Docker Swarm has two missing features for the decentralized learning use case. The IPFS client requires multi-casting to communicate with other peers, which is not implemented by Docker Swarm’s networking overlay. The other missing feature is required when the cluster consists of multiple different architectures. Docker Swarm always deploys the image fitting to the master-architecture. If a worker has a different architecture the deployment fails, even if it could run on the target host (such as arm32 images on a arm64 host). Since some of our dependencies do not support arm64 the latter was especially impoartant. Furthermore, since Swarm relies on Docker-Compose, the management processes become very slow once a lot of large containers are run. This problem is especially prevalent when scaling lots of containers on a single machine like in the scale-up scenario.

Kubernetes #

Kubernetes is another orchestration tool, initially developed by Google and now continued by the Cloud Native Computing Foundation. YAML files are used to configure the resources to be deployed.

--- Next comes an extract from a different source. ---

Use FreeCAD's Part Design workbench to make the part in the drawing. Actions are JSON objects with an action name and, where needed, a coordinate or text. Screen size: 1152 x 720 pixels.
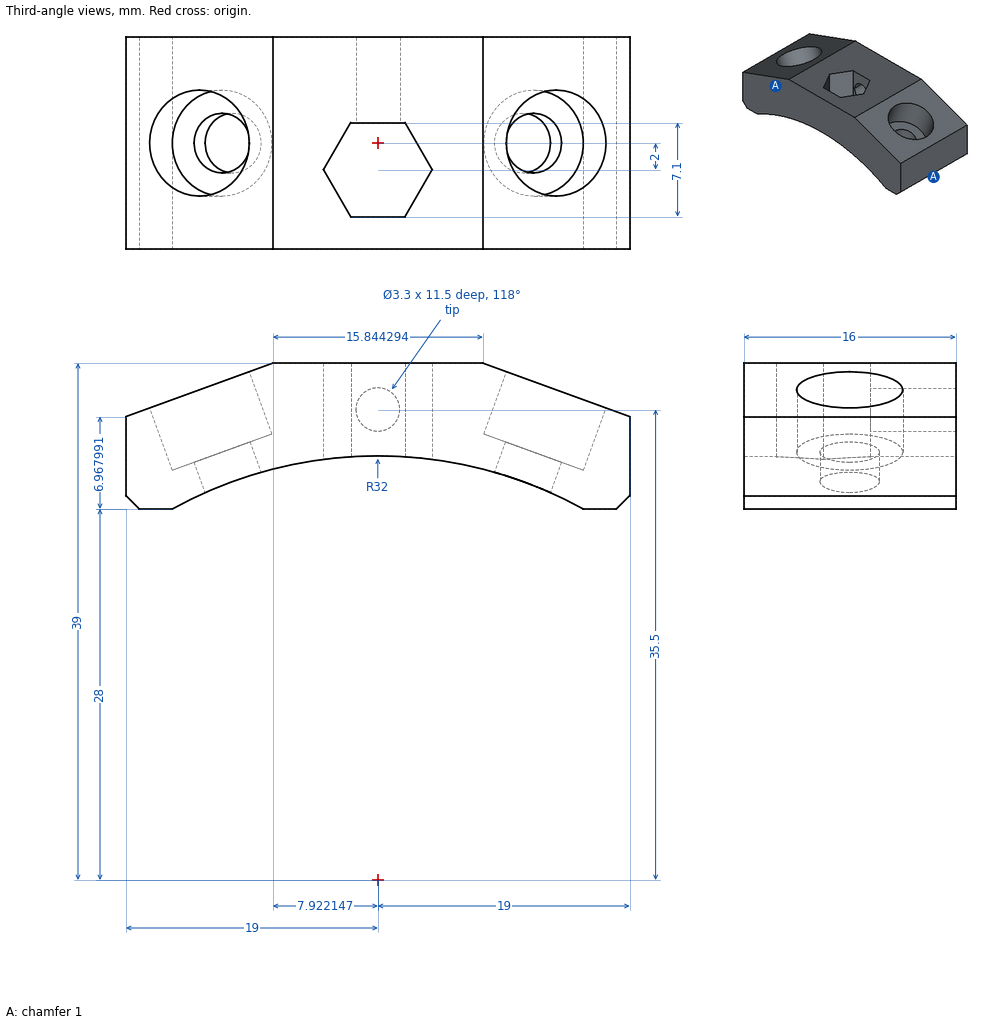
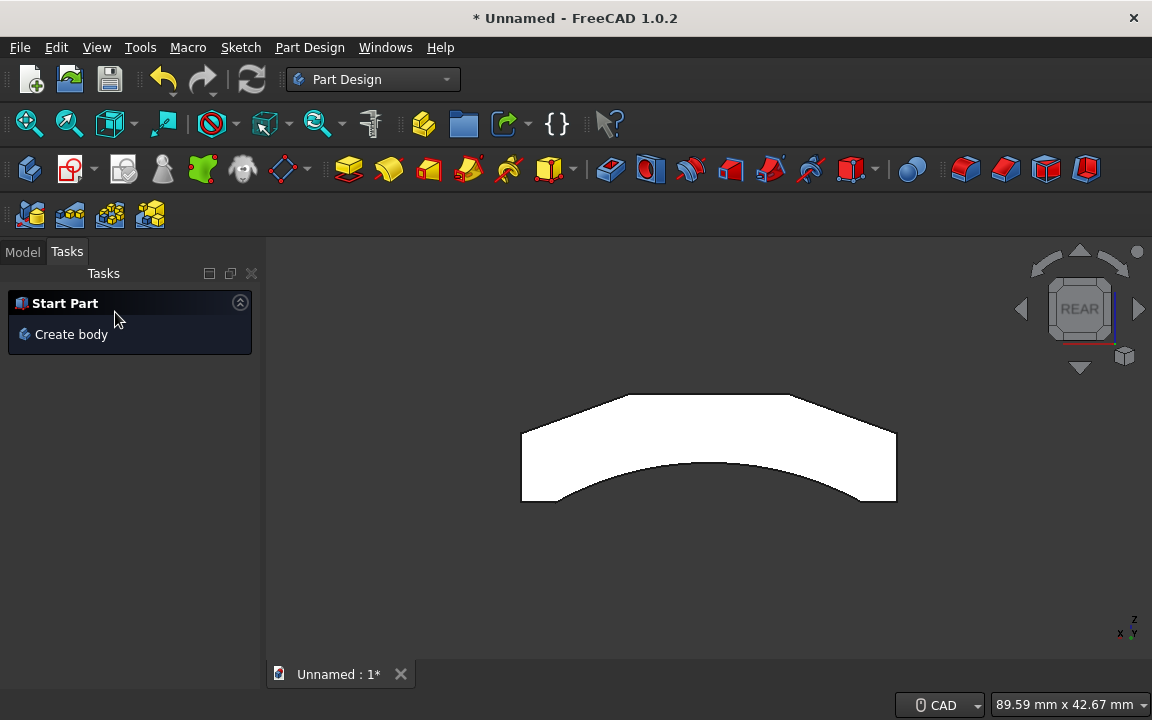
{"action": "left_click", "coordinate": [30, 124]}

Compare to Docker Swarm, Kubernetes is more mature and can be controlled in a more fine-grained way. These advantages come with additional complexity. Compare to Docker Swarm it already comes with two features required for the decentralized learning use case: Multicast support on the network layer and variable image architectures depending on each worker host machine. It also supports deploying images of compatible architectures to hosts (such as arm32 images on a arm64 hosts). This allowed us to use arm32 images where dependencies were not available for arm64.

K3s #

There are many tools apart from the original Kubernetes distribution implementing the Kubernetes API. One of these tools is k3s, which is a lightweight Kubernetes distribution build for IoT & Edge devices. It is much smaller than the original Kubernetes distribution (the binary is smaller than 40MB) and is also optimized for ARM usage.

Installation #

Please refer to the official documentation for further details about the K3s setup process.

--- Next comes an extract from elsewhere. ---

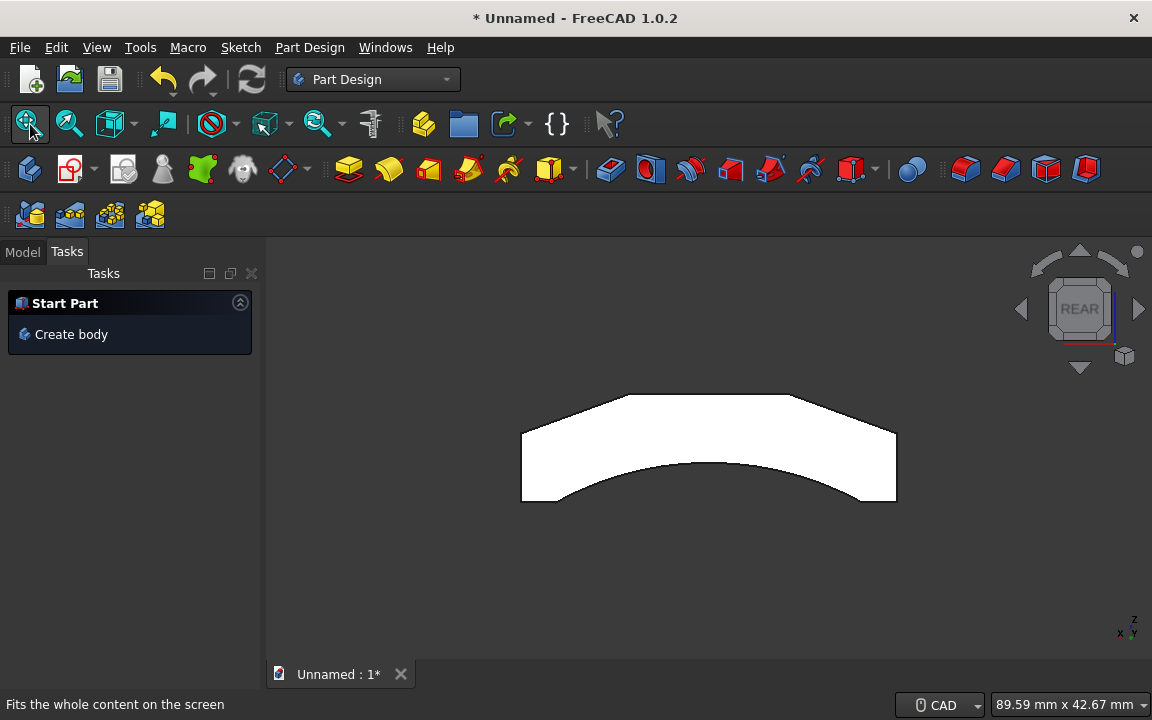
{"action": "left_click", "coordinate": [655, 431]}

For installation on the master node run:

curl -sfL https://get.k3s.io | sh -

For installation on worker nodes run:

curl -sfL https://get.k3s.io | K3S_URL=https://myserver:6443 K3S_TOKEN=<my-node-token> sh -

Kubernetes and K3S only support 110 pods on the same node in their default configuration. This number can be increased by passing the max-pods argument during installation. If it is planned to run more than 254 pods on one node, one must also change the subnet size by passing the node-cidr-mask-size argument.

curl -sfL https://get.k3s.io | sh -s - --kubelet-arg="max-pods=2000" --kube-controller-manager-arg=node-cidr-mask-size=19

To check if the cluster is properly connected use this command:

kubectl cluster info

Docker-Compose to Kubernetes configuration files #

Kompose translates a docker-compose file into Kubernetes configuration files. After installing, a compose file can be converted into respective Kubernetes resources:

kompose convert -f docker-compose.yaml -o k8s/

Then directly apply the converted configurations to the Kubernetes cluster, using the apply command

kubectl apply -f k8s/

Scaling #

To scale a pod to multiple instances use scale command. For example, scaling the peer pod up to three replicas:

kubectl scale --replicas=3 -f k8s/peer-deployment.yaml

Minikube #

Minikube helps to run a Kubernetes cluster on a single machine, on top of a VM. Since Minikube runs inside of a VM it comes with lots of overhead. This makes Minikube less responsive and consumes more resources. Moreover, at scale Minikube got even less responsive and got unavailable very quickly. Therefore it is not suited to a benchmarking use case since it reduces the possibility to simulate larger decentralized systems with more peers.